- **What you need to do**: Which lines below fall between the one containing "Your task to perform on an android device: Maria" and the one containing "Step 5: wait"? Repeat them exactly, counting both of those lines, and add nothing else.

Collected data

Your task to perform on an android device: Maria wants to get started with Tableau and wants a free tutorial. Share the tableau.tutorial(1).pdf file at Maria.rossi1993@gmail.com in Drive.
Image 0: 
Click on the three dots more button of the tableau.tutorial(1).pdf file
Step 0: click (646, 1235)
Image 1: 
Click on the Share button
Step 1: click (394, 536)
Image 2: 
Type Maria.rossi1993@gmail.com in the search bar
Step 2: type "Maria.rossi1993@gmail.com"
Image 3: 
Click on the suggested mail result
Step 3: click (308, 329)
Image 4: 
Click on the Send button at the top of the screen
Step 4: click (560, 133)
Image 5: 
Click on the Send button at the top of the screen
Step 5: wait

...

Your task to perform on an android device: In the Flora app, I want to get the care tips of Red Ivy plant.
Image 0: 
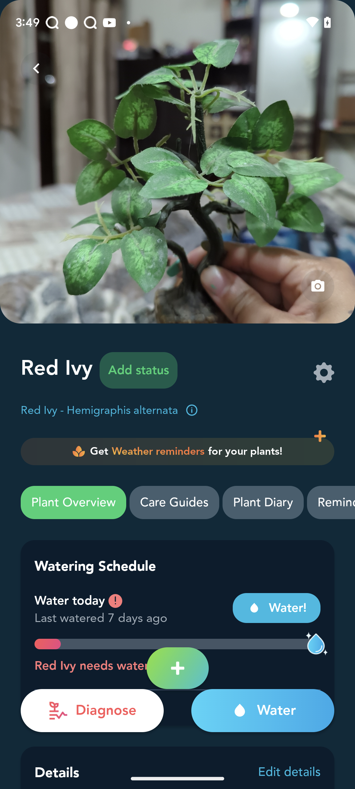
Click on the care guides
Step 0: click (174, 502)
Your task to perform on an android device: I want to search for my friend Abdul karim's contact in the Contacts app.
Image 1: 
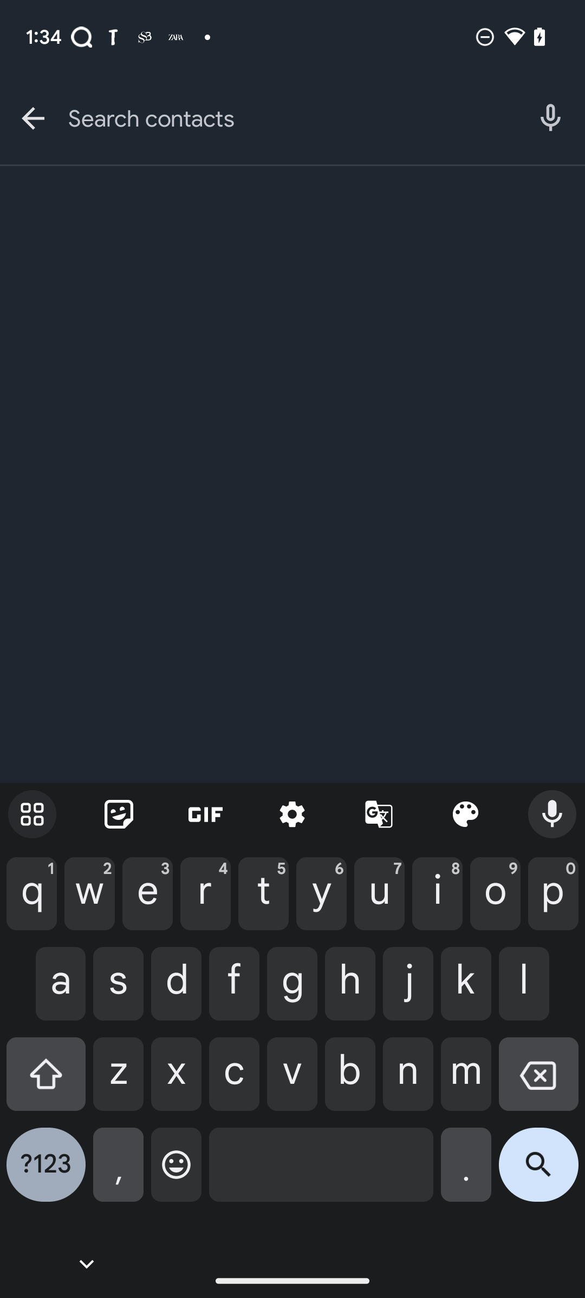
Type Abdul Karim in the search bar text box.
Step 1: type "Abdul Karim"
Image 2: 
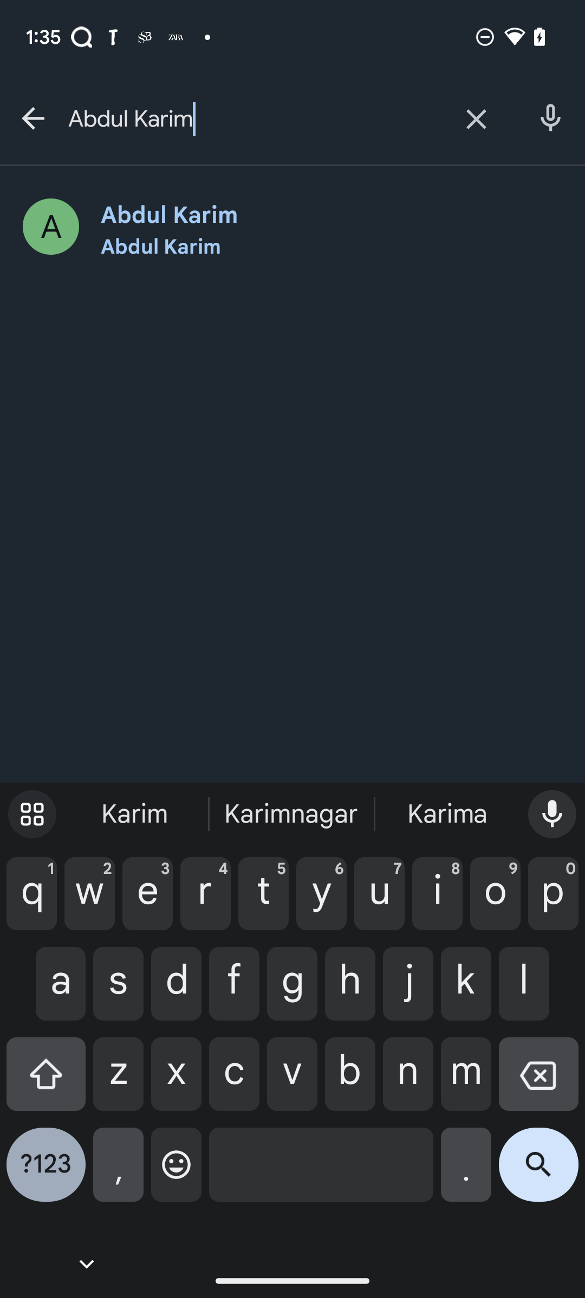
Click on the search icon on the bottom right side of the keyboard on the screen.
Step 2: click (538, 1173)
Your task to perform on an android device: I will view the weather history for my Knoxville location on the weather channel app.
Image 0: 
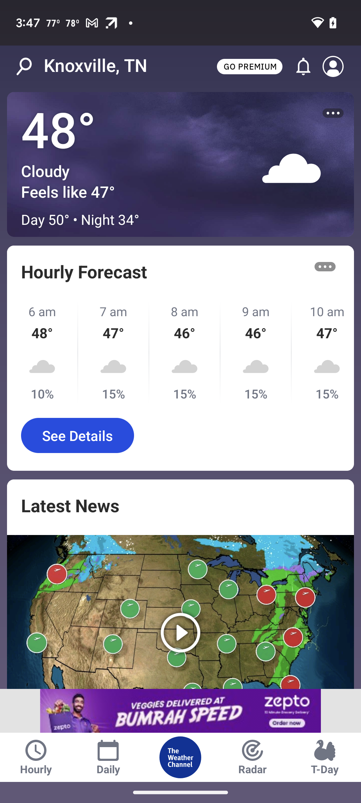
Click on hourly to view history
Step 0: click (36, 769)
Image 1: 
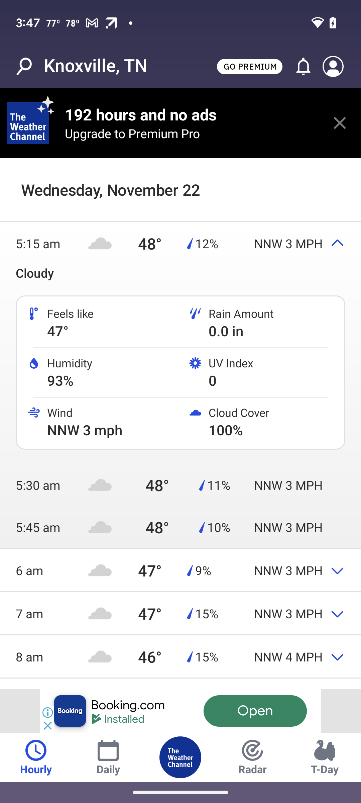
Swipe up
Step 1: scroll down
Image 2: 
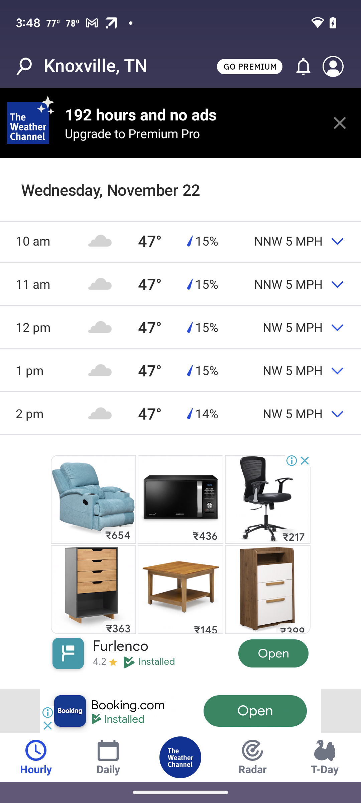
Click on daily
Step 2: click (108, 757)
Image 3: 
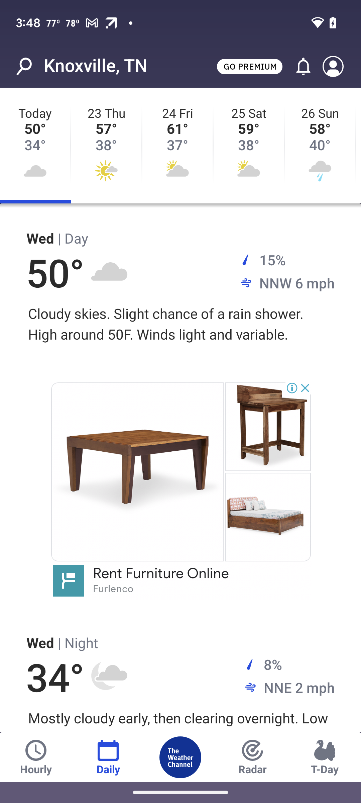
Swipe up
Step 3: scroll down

- **Response to this task**:
Your task to perform on an android device: Maria wants to get started with Tableau and wants a free tutorial. Share the tableau.tutorial(1).pdf file at Maria.rossi1993@gmail.com in Drive.
Image 0: 
Click on the three dots more button of the tableau.tutorial(1).pdf file
Step 0: click (646, 1235)
Image 1: 
Click on the Share button
Step 1: click (394, 536)
Image 2: 
Type Maria.rossi1993@gmail.com in the search bar
Step 2: type "Maria.rossi1993@gmail.com"
Image 3: 
Click on the suggested mail result
Step 3: click (308, 329)
Image 4: 
Click on the Send button at the top of the screen
Step 4: click (560, 133)
Image 5: 
Click on the Send button at the top of the screen
Step 5: wait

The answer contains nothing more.